• **Requirement**: Search the listing below for the string "block" and copy every line where it occurs.

• **Records supplied**:
────────────────────────────────────────

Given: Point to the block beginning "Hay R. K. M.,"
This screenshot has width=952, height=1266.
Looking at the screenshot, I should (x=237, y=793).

────────────────────────────────────────

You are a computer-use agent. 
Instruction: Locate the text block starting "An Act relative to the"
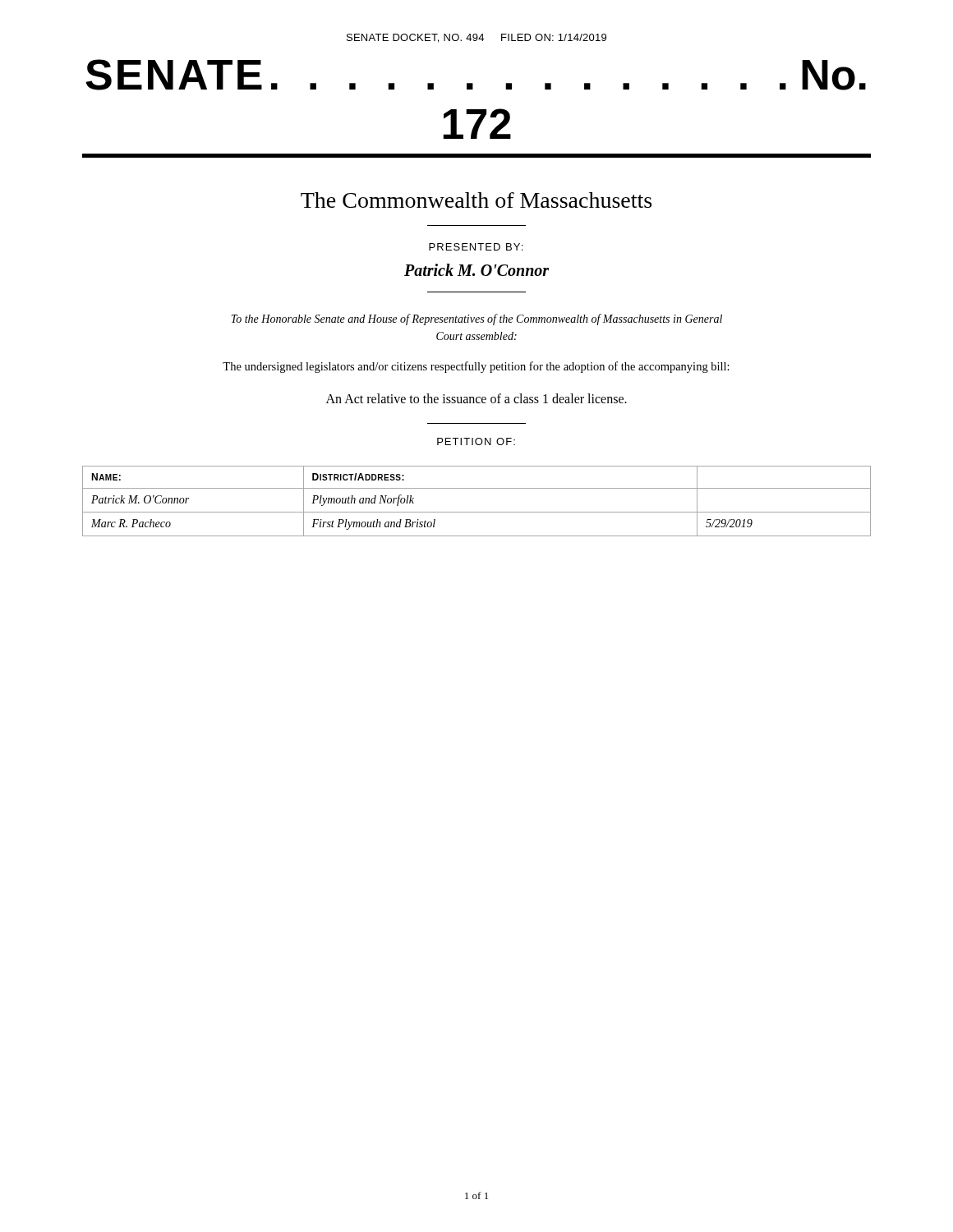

────────────────────────────────────────

• **Result of the exercise**:
Given: Point to the block beginning "Hay R. K. M.,"
Instruction: Locate the text block starting "An Act relative to the"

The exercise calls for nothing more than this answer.